- Bernice Silver, from a 1978 newspaper.
- Born: October 7, 1913 Bushwick, Brooklyn, New York, U.S.
- Died: April 18, 2020 (aged 106) Englewood, New Jersey, U.S.
- Occupations: Puppeteer, activist

= Bernice Silver =

American puppeteer and activist (1913–2020)

Bernice Silver (October 7, 1913 – April 18, 2020) was an American puppeteer and activist, known in her field as "the Queen of Potpourri", referring to the combination of puppetry, storytelling, music, and politics in her open-mic performances.

== Early life ==
Silver was born in 1913, in Bushwick, Brooklyn, the eldest of eight children born to Samuel Silver and Frances Resnikoff Silver. Her parents were Jewish. Her father was a salesman and ran a candy shop.

== Career ==
Silver worked in schools and factories as a young woman, and sold encyclopedias and other products door-to-door. She joined workers' theatre groups, including Theatre Advance, and performed at demonstrations and strikes. Her one Broadway credit was in the original cast of Thornton Wilder's Our Town in 1938.

Silver began performing with puppets by the 1960s. "It's one of the oldest professions in the world," she explained in The Philadelphia Inquirer in 2013, "It covers many, many artistic professions." She toured New York state with Pete Seeger and others, billed as the "Vagabond Puppeteers". She was active in the Puppetry Guild of Greater New York (PGOGNY), and was known as "the Queen of Potpourri", because her open-mic performances were a mix of puppetry, stories, folk songs, costumes, and political messages. She entertained at children's events in the New York area for decades, and later in life she used audience expectations about her advanced age in her comedy.
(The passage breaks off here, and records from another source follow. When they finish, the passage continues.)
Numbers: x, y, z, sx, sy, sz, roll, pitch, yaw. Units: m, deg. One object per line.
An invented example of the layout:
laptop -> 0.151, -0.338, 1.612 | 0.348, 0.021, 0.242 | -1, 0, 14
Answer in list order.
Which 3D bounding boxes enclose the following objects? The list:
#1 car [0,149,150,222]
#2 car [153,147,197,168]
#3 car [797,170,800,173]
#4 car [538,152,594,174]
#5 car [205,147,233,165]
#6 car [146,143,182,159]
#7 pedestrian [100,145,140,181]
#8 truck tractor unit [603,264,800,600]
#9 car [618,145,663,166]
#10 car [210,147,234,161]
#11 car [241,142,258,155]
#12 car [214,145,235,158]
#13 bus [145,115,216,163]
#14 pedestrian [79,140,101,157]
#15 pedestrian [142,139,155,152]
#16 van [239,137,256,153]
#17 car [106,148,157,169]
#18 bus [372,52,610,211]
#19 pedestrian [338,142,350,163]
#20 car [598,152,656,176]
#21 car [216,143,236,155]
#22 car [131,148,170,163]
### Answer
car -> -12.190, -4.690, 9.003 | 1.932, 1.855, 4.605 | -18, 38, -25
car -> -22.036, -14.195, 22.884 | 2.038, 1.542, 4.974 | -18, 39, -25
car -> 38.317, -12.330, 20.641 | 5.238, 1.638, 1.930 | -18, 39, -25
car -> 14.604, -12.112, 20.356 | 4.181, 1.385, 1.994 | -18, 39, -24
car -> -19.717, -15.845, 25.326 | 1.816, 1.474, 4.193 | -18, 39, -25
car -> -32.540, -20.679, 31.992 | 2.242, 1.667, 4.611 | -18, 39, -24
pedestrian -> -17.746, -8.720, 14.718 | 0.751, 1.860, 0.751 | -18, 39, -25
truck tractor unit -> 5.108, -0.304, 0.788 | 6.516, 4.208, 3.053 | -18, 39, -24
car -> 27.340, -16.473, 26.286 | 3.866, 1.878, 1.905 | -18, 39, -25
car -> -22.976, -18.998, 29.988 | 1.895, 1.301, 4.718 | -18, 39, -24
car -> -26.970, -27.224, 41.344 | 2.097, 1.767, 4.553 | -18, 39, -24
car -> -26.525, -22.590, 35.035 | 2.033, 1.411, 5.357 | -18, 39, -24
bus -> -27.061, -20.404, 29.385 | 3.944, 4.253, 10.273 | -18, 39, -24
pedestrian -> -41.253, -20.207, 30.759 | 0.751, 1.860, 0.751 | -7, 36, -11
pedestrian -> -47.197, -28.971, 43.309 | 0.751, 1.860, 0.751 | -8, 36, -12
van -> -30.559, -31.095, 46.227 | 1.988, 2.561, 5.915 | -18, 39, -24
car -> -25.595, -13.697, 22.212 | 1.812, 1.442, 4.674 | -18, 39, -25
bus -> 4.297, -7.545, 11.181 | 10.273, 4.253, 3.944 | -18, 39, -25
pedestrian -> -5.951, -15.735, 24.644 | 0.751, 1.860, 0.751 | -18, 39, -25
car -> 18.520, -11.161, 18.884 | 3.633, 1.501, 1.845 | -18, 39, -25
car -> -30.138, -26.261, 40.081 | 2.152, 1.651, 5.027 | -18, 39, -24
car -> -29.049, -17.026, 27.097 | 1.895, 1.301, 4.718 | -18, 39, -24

Silver appeared in the documentary Puppet Rampage (2008). In 2011, she went kayaking for the first time, with the NYC Friends of Clearwater. She spoke at a fundraiser for Hudson River Sloop Clearwater in 2016. The Puppeteers of America offered a Bernice Silver Festival Grant, to fund senior attendees at the organization's national festivals.

== Personal life ==
Silver broke her hip and required a foot amputation in 2014; she moved to the Lillian Booth Actors Home in 2016. That year, she commented on her delight in voting for a woman for president. She died in April 2020, from respiratory failure with coronavirus, in Englewood, New Jersey. She was 106 years old. In October 2020, a Virtual Puppet Con was held by the Puppeteers of America, dedicated to the memory of Bernice Silver, during the week of her 107th birthday.